(REQUIRED WORK):
Set down every record below exactly as it stands.

(Records from a dataset):
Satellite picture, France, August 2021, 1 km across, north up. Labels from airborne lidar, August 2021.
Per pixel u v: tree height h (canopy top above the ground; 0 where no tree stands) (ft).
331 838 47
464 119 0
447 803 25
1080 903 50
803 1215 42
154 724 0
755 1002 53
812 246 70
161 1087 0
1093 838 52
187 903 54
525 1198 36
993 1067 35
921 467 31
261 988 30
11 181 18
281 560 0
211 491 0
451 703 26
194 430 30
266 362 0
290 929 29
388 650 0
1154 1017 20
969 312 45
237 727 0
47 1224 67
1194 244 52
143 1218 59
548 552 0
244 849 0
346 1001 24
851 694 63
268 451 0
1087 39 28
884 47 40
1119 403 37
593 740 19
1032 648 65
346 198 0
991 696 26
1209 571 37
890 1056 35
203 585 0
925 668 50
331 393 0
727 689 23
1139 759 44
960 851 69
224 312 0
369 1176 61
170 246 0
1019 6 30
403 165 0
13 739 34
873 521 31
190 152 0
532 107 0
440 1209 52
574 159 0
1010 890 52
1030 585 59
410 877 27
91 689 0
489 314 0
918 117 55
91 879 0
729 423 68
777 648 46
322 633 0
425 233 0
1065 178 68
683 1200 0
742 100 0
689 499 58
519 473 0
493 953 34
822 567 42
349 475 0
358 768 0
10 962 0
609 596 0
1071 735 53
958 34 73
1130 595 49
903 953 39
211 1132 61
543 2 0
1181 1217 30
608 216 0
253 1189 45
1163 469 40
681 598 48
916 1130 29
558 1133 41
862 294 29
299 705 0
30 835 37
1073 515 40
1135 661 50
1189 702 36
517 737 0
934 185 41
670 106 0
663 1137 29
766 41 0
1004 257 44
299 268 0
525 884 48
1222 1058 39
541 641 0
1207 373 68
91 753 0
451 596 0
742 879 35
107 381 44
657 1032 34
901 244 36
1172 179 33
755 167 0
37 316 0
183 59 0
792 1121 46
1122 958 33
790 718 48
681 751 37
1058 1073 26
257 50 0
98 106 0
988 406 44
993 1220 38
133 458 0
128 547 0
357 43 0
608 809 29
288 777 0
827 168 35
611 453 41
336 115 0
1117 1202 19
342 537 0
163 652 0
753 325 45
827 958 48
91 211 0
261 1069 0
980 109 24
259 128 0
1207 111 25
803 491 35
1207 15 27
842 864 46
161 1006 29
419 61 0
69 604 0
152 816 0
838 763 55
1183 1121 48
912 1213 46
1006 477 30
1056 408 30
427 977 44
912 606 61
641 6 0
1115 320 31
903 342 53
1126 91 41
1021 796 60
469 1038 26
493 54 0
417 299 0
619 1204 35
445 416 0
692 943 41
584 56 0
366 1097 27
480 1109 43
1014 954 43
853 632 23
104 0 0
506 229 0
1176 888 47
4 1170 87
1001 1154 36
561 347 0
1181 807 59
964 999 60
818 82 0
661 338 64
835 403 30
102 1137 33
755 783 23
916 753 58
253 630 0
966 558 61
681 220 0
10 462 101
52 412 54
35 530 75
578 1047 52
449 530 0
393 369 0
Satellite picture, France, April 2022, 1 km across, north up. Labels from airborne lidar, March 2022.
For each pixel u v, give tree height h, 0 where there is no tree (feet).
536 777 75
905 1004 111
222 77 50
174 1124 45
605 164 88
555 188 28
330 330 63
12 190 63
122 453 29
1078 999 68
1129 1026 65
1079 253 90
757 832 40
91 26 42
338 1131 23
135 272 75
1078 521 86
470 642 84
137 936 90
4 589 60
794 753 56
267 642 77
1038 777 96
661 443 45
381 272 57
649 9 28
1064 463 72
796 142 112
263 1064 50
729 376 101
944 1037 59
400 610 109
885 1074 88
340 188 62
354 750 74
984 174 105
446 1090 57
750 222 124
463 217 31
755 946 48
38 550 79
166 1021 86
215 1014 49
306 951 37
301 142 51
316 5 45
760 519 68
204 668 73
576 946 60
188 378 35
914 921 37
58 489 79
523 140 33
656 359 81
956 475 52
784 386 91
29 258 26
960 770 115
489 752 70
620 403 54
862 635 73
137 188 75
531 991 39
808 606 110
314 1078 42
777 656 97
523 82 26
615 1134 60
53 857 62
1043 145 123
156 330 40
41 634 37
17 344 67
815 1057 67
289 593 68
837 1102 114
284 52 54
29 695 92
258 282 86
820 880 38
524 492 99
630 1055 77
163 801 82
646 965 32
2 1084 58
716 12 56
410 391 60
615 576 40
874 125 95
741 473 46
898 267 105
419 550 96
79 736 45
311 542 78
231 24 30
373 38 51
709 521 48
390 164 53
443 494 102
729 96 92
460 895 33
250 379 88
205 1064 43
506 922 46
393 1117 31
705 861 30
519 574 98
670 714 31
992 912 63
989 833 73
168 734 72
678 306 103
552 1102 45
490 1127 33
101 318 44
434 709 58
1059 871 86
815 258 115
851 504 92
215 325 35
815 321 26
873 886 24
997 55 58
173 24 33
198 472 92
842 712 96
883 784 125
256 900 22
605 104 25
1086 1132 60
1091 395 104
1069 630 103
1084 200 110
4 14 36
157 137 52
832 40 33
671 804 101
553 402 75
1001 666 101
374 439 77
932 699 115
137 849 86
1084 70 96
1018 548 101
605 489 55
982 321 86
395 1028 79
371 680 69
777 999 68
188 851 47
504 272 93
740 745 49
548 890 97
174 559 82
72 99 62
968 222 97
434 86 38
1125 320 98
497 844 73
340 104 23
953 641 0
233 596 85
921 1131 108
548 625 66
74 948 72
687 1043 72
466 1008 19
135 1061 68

(RESPONSE TO THIS TASK):
Satellite picture, France, August 2021, 1 km across, north up. Labels from airborne lidar, August 2021.
Per pixel u v: tree height h (canopy top above the ground; 0 where no tree stands) (ft).
331 838 47
464 119 0
447 803 25
1080 903 50
803 1215 42
154 724 0
755 1002 53
812 246 70
161 1087 0
1093 838 52
187 903 54
525 1198 36
993 1067 35
921 467 31
261 988 30
11 181 18
281 560 0
211 491 0
451 703 26
194 430 30
266 362 0
290 929 29
388 650 0
1154 1017 20
969 312 45
237 727 0
47 1224 67
1194 244 52
143 1218 59
548 552 0
244 849 0
346 1001 24
851 694 63
268 451 0
1087 39 28
884 47 40
1119 403 37
593 740 19
1032 648 65
346 198 0
991 696 26
1209 571 37
890 1056 35
203 585 0
925 668 50
331 393 0
727 689 23
1139 759 44
960 851 69
224 312 0
369 1176 61
170 246 0
1019 6 30
403 165 0
13 739 34
873 521 31
190 152 0
532 107 0
440 1209 52
574 159 0
1010 890 52
1030 585 59
410 877 27
91 689 0
489 314 0
918 117 55
91 879 0
729 423 68
777 648 46
322 633 0
425 233 0
1065 178 68
683 1200 0
742 100 0
689 499 58
519 473 0
493 953 34
822 567 42
349 475 0
358 768 0
10 962 0
609 596 0
1071 735 53
958 34 73
1130 595 49
903 953 39
211 1132 61
543 2 0
1181 1217 30
608 216 0
253 1189 45
1163 469 40
681 598 48
916 1130 29
558 1133 41
862 294 29
299 705 0
30 835 37
1073 515 40
1135 661 50
1189 702 36
517 737 0
934 185 41
670 106 0
663 1137 29
766 41 0
1004 257 44
299 268 0
525 884 48
1222 1058 39
541 641 0
1207 373 68
91 753 0
451 596 0
742 879 35
107 381 44
657 1032 34
901 244 36
1172 179 33
755 167 0
37 316 0
183 59 0
792 1121 46
1122 958 33
790 718 48
681 751 37
1058 1073 26
257 50 0
98 106 0
988 406 44
993 1220 38
133 458 0
128 547 0
357 43 0
608 809 29
288 777 0
827 168 35
611 453 41
336 115 0
1117 1202 19
342 537 0
163 652 0
753 325 45
827 958 48
91 211 0
261 1069 0
980 109 24
259 128 0
1207 111 25
803 491 35
1207 15 27
842 864 46
161 1006 29
419 61 0
69 604 0
152 816 0
838 763 55
1183 1121 48
912 1213 46
1006 477 30
1056 408 30
427 977 44
912 606 61
641 6 0
1115 320 31
903 342 53
1126 91 41
1021 796 60
469 1038 26
493 54 0
417 299 0
619 1204 35
445 416 0
692 943 41
584 56 0
366 1097 27
480 1109 43
1014 954 43
853 632 23
104 0 0
506 229 0
1176 888 47
4 1170 87
1001 1154 36
561 347 0
1181 807 59
964 999 60
818 82 0
661 338 64
835 403 30
102 1137 33
755 783 23
916 753 58
253 630 0
966 558 61
681 220 0
10 462 101
52 412 54
35 530 75
578 1047 52
449 530 0
393 369 0
Satellite picture, France, April 2022, 1 km across, north up. Labels from airborne lidar, March 2022.
For each pixel u v, give tree height h, 0 where there is no tree (feet).
536 777 75
905 1004 111
222 77 50
174 1124 45
605 164 88
555 188 28
330 330 63
12 190 63
122 453 29
1078 999 68
1129 1026 65
1079 253 90
757 832 40
91 26 42
338 1131 23
135 272 75
1078 521 86
470 642 84
137 936 90
4 589 60
794 753 56
267 642 77
1038 777 96
661 443 45
381 272 57
649 9 28
1064 463 72
796 142 112
263 1064 50
729 376 101
944 1037 59
400 610 109
885 1074 88
340 188 62
354 750 74
984 174 105
446 1090 57
750 222 124
463 217 31
755 946 48
38 550 79
166 1021 86
215 1014 49
306 951 37
301 142 51
316 5 45
760 519 68
204 668 73
576 946 60
188 378 35
914 921 37
58 489 79
523 140 33
656 359 81
956 475 52
784 386 91
29 258 26
960 770 115
489 752 70
620 403 54
862 635 73
137 188 75
531 991 39
808 606 110
314 1078 42
777 656 97
523 82 26
615 1134 60
53 857 62
1043 145 123
156 330 40
41 634 37
17 344 67
815 1057 67
289 593 68
837 1102 114
284 52 54
29 695 92
258 282 86
820 880 38
524 492 99
630 1055 77
163 801 82
646 965 32
2 1084 58
716 12 56
410 391 60
615 576 40
874 125 95
741 473 46
898 267 105
419 550 96
79 736 45
311 542 78
231 24 30
373 38 51
709 521 48
390 164 53
443 494 102
729 96 92
460 895 33
250 379 88
205 1064 43
506 922 46
393 1117 31
705 861 30
519 574 98
670 714 31
992 912 63
989 833 73
168 734 72
678 306 103
552 1102 45
490 1127 33
101 318 44
434 709 58
1059 871 86
815 258 115
851 504 92
215 325 35
815 321 26
873 886 24
997 55 58
173 24 33
198 472 92
842 712 96
883 784 125
256 900 22
605 104 25
1086 1132 60
1091 395 104
1069 630 103
1084 200 110
4 14 36
157 137 52
832 40 33
671 804 101
553 402 75
1001 666 101
374 439 77
932 699 115
137 849 86
1084 70 96
1018 548 101
605 489 55
982 321 86
395 1028 79
371 680 69
777 999 68
188 851 47
504 272 93
740 745 49
548 890 97
174 559 82
72 99 62
968 222 97
434 86 38
1125 320 98
497 844 73
340 104 23
953 641 0
233 596 85
921 1131 108
548 625 66
74 948 72
687 1043 72
466 1008 19
135 1061 68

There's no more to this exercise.